- Task to complete: Transcribe exactly the lines from the first line of the records through the line containing "if(dim == 0) return blockDim.x;</code>", and leave out every picture.

- Raw data:
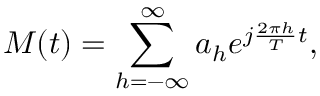Convert formula to latex. <formula><loc_0><loc_0><loc_500><loc_500>M ( t ) = \sum _ { h = - \infty } ^ { \infty } a _ { h } e ^ { j \frac { 2 \pi h } { T } t } ,</formula> 
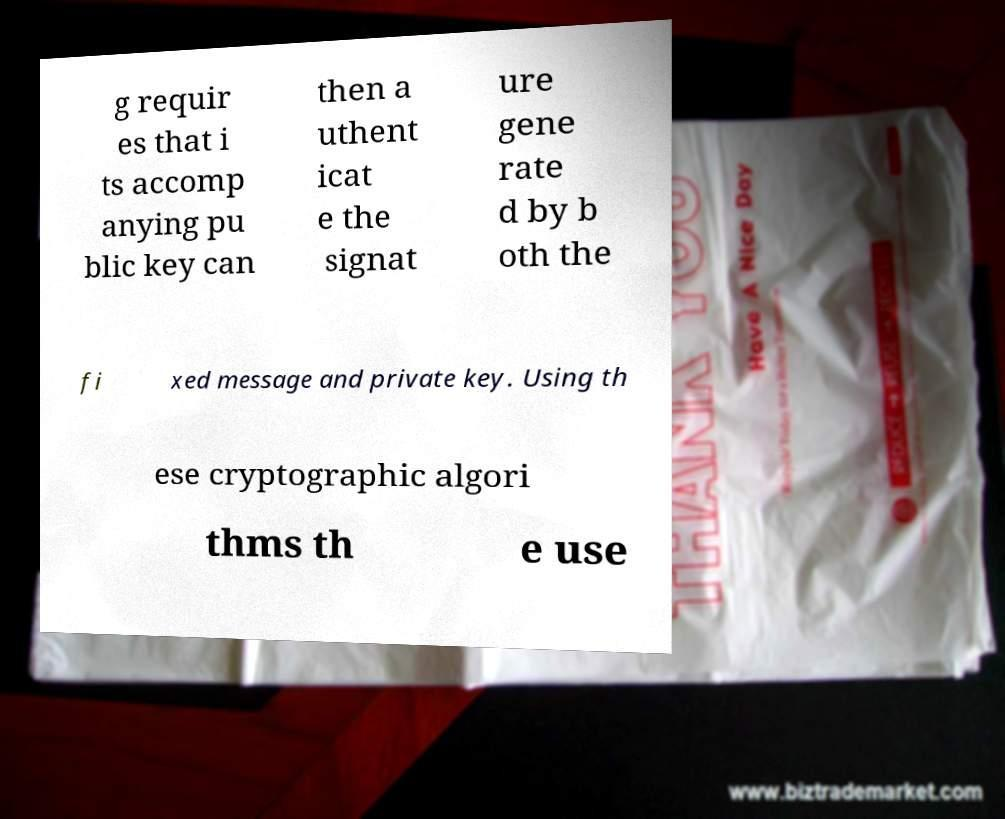What messages or text are displayed in this image? I need them in a readable, typed format. g requir es that i ts accomp anying pu blic key can then a uthent icat e the signat ure gene rate d by b oth the fi xed message and private key. Using th ese cryptographic algori thms th e use 
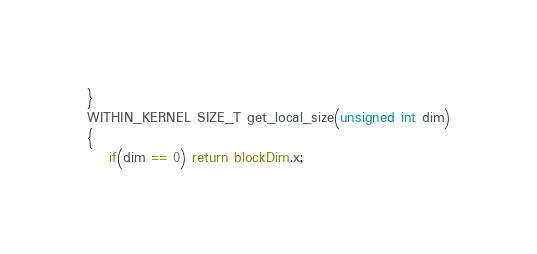Convert code to text. <code><loc_0><loc_0><loc_500><loc_500><_Cuda_>}
WITHIN_KERNEL SIZE_T get_local_size(unsigned int dim)
{
    if(dim == 0) return blockDim.x;</code> 
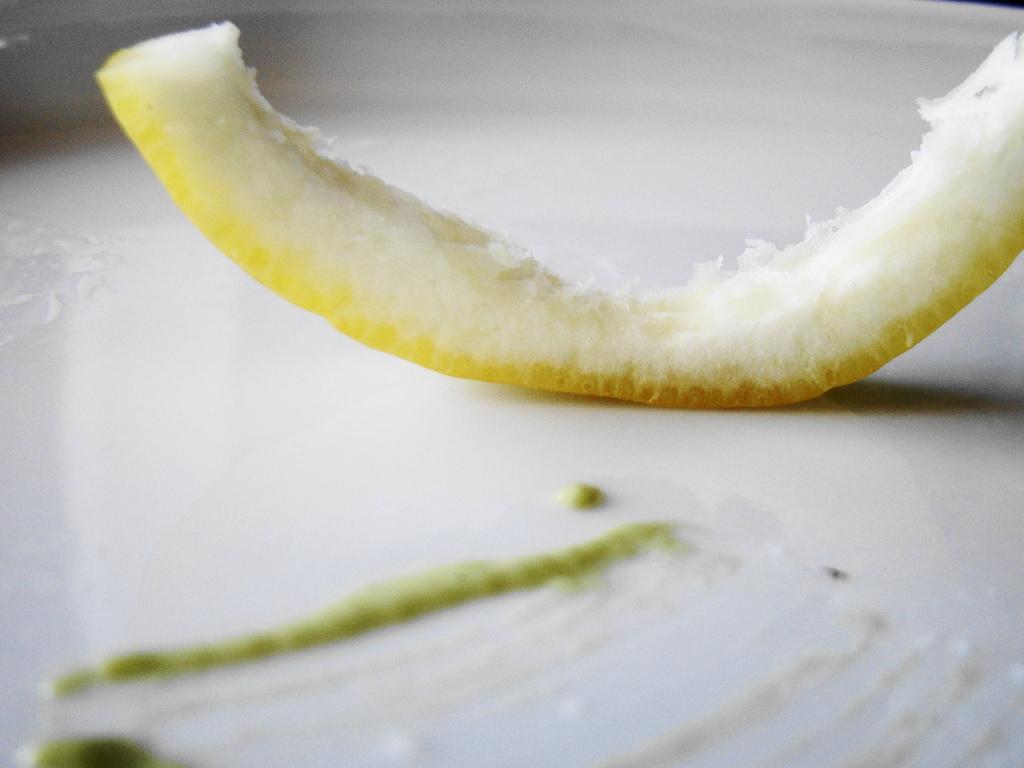Please provide a concise description of this image. In this image we can see a melon ring placed in a plate. 
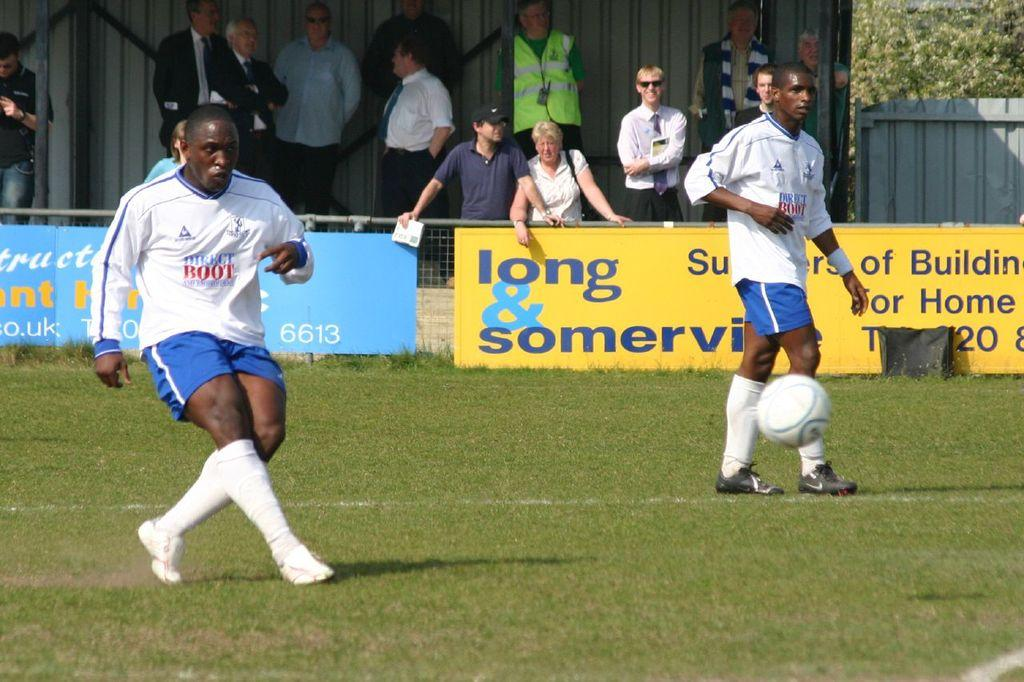<image>
Render a clear and concise summary of the photo. Football players are on a field in front of a yellow banner reading long & somerville.

- Solution for this problem:
Convert formula to latex. <formula><loc_0><loc_0><loc_500><loc_500>M ( t ) = \sum _ { h = - \infty } ^ { \infty } a _ { h } e ^ { j \frac { 2 \pi h } { T } t } ,</formula> 
What messages or text are displayed in this image? I need them in a readable, typed format. g requir es that i ts accomp anying pu blic key can then a uthent icat e the signat ure gene rate d by b oth the fi xed message and private key. Using th ese cryptographic algori thms th e use 
Convert code to text. <code><loc_0><loc_0><loc_500><loc_500><_Cuda_>}
WITHIN_KERNEL SIZE_T get_local_size(unsigned int dim)
{
    if(dim == 0) return blockDim.x;</code> 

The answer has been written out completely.